Here is a summary of my Weight Watchers meeting on January 26, 2010.
We eat when we are hungry. We eat when we are happy. We eat when we are sad. We eat when we are bored.
This week’s topic was to try to learn and be able to identify the differences between physical hunger and emotional hunger.
The Eight Traits of Emotional Hunger
Emotional and physical hunger can feel identical, unless you’ve learned to identify their distinguishing characteristics. The next time you feel voraciously hungry, look for these signals that your appetite may be based on emotions rather than true physical need. This awareness may head off an emotional overeating episode.
Source: Virtue, Doreen. Constant Craving A-Z. (Carlsbad, CA: Hay House, 1999).
1. Is sudden. One minute you’re not thinking about food, the next minute you’re starving. Your hunger goes from 0-60 within a short period of time.

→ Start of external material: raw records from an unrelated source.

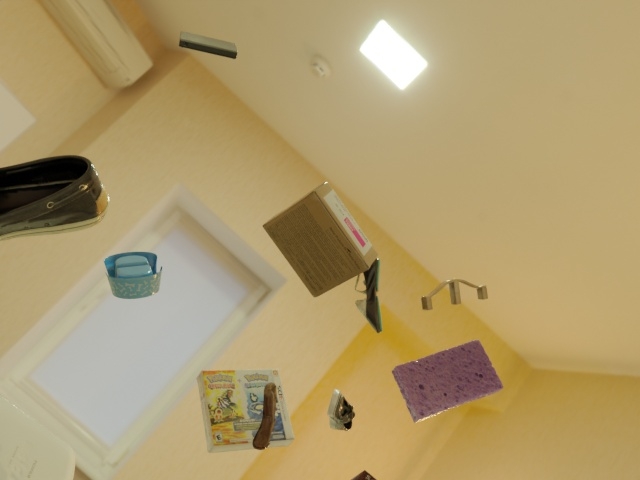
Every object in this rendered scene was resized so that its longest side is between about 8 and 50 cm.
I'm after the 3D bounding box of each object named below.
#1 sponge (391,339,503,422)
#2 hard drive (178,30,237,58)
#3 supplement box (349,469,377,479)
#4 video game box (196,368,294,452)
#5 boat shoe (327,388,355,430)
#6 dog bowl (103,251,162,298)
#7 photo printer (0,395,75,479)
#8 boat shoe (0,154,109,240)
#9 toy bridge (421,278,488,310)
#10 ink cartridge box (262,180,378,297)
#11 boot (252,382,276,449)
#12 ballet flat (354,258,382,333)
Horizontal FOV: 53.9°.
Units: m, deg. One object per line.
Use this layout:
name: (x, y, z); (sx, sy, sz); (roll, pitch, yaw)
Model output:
sponge: (0.265, 0.288, 1.310); (0.031, 0.210, 0.117); (107, -36, -55)
hard drive: (-0.268, -0.467, 1.506); (0.135, 0.022, 0.094); (9, 27, -16)
supplement box: (0.033, 0.534, 1.102); (0.073, 0.239, 0.130); (42, -58, -2)
video game box: (-0.176, 0.395, 1.482); (0.048, 0.205, 0.187); (-57, -140, 40)
boat shoe: (0.066, 0.511, 1.869); (0.076, 0.080, 0.228); (12, -38, 12)
dog bowl: (-0.584, 0.107, 1.965); (0.297, 0.166, 0.074); (-148, -125, -65)
photo printer: (-0.707, 0.533, 1.439); (0.307, 0.107, 0.256); (52, 22, -28)
boat shoe: (-0.692, -0.077, 1.285); (0.186, 0.500, 0.156); (60, -30, 34)
toy bridge: (0.335, 0.128, 1.565); (0.026, 0.188, 0.063); (173, -91, -67)
ink cartridge box: (0.000, 0.000, 1.584); (0.193, 0.088, 0.234); (-31, -82, 32)
boot: (-0.114, 0.363, 1.316); (0.037, 0.114, 0.106); (9, 17, 5)
ballet flat: (0.123, 0.141, 1.621); (0.074, 0.203, 0.074); (0, -20, 0)

2. Is for a specific food. Your cravings are for one specific type of food, such as chocolate, pasta, or a cheeseburger. With emotional eating, you feel you need to eat that particular food. No substitute will do!

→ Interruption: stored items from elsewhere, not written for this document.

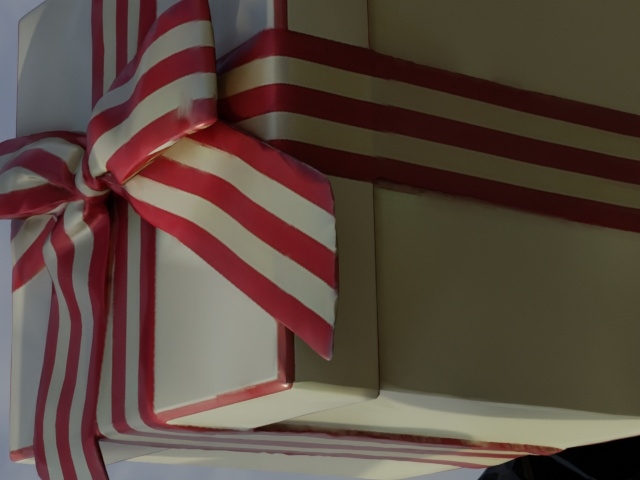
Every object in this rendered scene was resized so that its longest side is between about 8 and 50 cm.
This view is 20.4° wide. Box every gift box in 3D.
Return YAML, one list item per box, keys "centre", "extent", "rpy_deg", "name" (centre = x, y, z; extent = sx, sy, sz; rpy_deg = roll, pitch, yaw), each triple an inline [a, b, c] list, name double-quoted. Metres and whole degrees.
- centre: [0.000, 0.000, 0.798]
  extent: [0.258, 0.255, 0.276]
  rpy_deg: [11, -114, -34]
  name: "gift box"

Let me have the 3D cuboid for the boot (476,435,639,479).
- centre: [0.332, 0.103, 1.132]
  extent: [0.146, 0.445, 0.367]
  rpy_deg: [45, 115, 48]
  name: "boot"
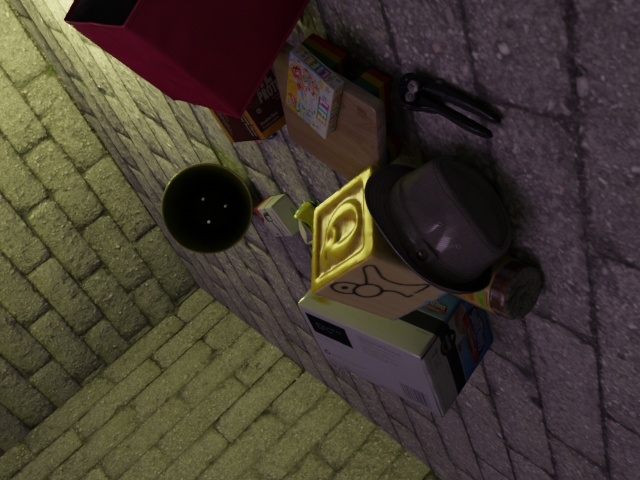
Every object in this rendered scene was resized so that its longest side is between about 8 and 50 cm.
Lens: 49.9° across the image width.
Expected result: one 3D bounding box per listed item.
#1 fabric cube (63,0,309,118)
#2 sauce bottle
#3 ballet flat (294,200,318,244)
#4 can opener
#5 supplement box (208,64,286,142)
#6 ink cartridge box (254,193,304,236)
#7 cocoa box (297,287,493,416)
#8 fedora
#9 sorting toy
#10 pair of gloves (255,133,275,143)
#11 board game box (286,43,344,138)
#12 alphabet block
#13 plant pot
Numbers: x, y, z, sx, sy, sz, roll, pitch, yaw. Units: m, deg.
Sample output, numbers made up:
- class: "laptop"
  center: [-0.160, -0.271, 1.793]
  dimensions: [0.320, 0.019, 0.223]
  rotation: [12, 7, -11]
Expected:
- class: "fabric cube"
  center: [-0.232, -0.401, 1.192]
  dimensions: [0.259, 0.254, 0.258]
  rotation: [23, 173, 46]
- class: "sauce bottle"
  center: [0.261, 0.049, 1.339]
  dimensions: [0.344, 0.111, 0.111]
  rotation: [25, 150, 52]
- class: "ballet flat"
  center: [0.000, 0.000, 1.853]
  dimensions: [0.077, 0.077, 0.231]
  rotation: [15, 143, 56]
- class: "can opener"
  center: [0.198, -0.213, 1.069]
  dimensions: [0.186, 0.073, 0.059]
  rotation: [30, 116, 35]
- class: "supplement box"
  center: [-0.163, -0.329, 1.492]
  dimensions: [0.191, 0.129, 0.194]
  rotation: [56, 160, -21]
- class: "ink cartridge box"
  center: [-0.117, -0.071, 1.992]
  dimensions: [0.109, 0.063, 0.150]
  rotation: [53, 161, -15]
- class: "cocoa box"
  center: [0.172, 0.186, 1.551]
  dimensions: [0.347, 0.228, 0.231]
  rotation: [19, 146, 39]
- class: "fedora"
  center: [0.217, -0.046, 1.150]
  dimensions: [0.275, 0.243, 0.124]
  rotation: [54, 132, 6]
- class: "sorting toy"
  center: [0.042, -0.238, 1.285]
  dimensions: [0.257, 0.089, 0.255]
  rotation: [38, 158, 27]
- class: "pair of gloves"
  center: [-0.189, -0.324, 1.723]
  dimensions: [0.198, 0.023, 0.159]
  rotation: [49, 161, -4]
- class: "board game box"
  center: [-0.012, -0.254, 1.190]
  dimensions: [0.103, 0.026, 0.154]
  rotation: [43, 160, 13]
- class: "alphabet block"
  center: [0.115, 0.011, 1.268]
  dimensions: [0.197, 0.194, 0.192]
  rotation: [22, 142, -29]
- class: "plant pot"
  center: [-0.354, -0.104, 2.204]
  dimensions: [0.275, 0.274, 0.293]
  rotation: [50, 178, -6]
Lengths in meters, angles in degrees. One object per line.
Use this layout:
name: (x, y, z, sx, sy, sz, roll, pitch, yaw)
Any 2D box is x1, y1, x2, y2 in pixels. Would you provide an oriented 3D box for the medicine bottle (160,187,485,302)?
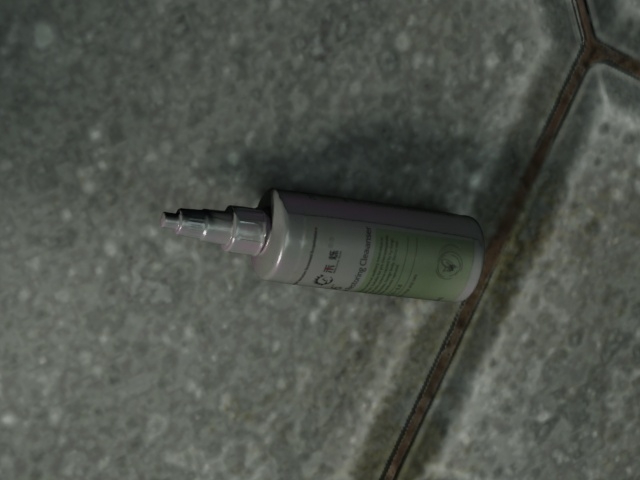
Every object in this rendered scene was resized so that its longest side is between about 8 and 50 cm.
medicine bottle: (0.000, 0.000, 0.851, 0.199, 0.057, 0.057, 8, 103, -23)
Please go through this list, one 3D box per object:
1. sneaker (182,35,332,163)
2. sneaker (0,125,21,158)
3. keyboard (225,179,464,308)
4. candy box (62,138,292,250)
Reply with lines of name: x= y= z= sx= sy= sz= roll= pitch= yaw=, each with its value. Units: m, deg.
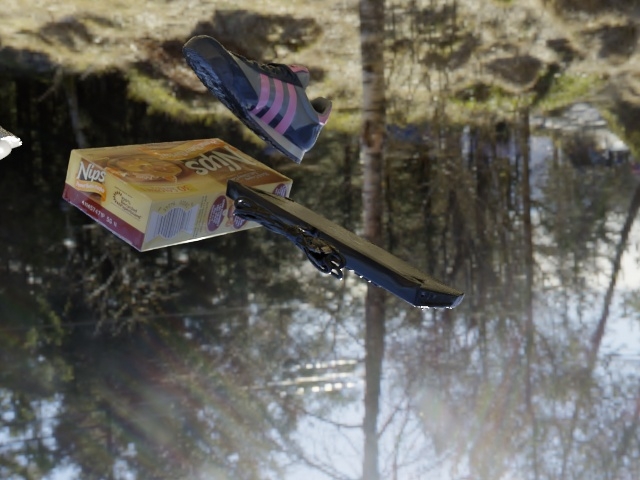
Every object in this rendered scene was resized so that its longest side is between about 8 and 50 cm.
sneaker: x=-0.091 y=-0.249 z=1.290 sx=0.112 sy=0.131 sz=0.319 roll=37 pitch=178 yaw=34
sneaker: x=-0.459 y=-0.117 z=1.054 sx=0.090 sy=0.094 sz=0.235 roll=43 pitch=161 yaw=-24
keyboard: x=0.000 y=0.000 z=0.930 sx=0.317 sy=0.033 sz=0.202 roll=29 pitch=-171 yaw=39
candy box: x=-0.215 y=-0.082 z=1.286 sx=0.183 sy=0.087 sz=0.316 roll=31 pitch=-155 yaw=28

3. Is "above the neck." An emotionally based craving begins in the mouth and mind. Your mouth wants to taste that pizza or chocolate doughnut. Your mind whirls with thoughts about your desired food.
4. Is urgent. Emotional hunger urges you to eat NOW to instantly ease emotional pain with food.
5. Is paired with an upsetting emotion. Your boss yelled at you. Your child is in trouble at school. Your spouse is in a bad mood. Emotional hunger occurs in conjunction with an upsetting situation.
6. Involves automatic or absent-minded eating. Emotional eating can feel as if someone else’s hand is scooping up the ice cream and putting it into your mouth ("automatic eating"). You may not notice that you’ve eaten a bag of cookies (absent-minded eating).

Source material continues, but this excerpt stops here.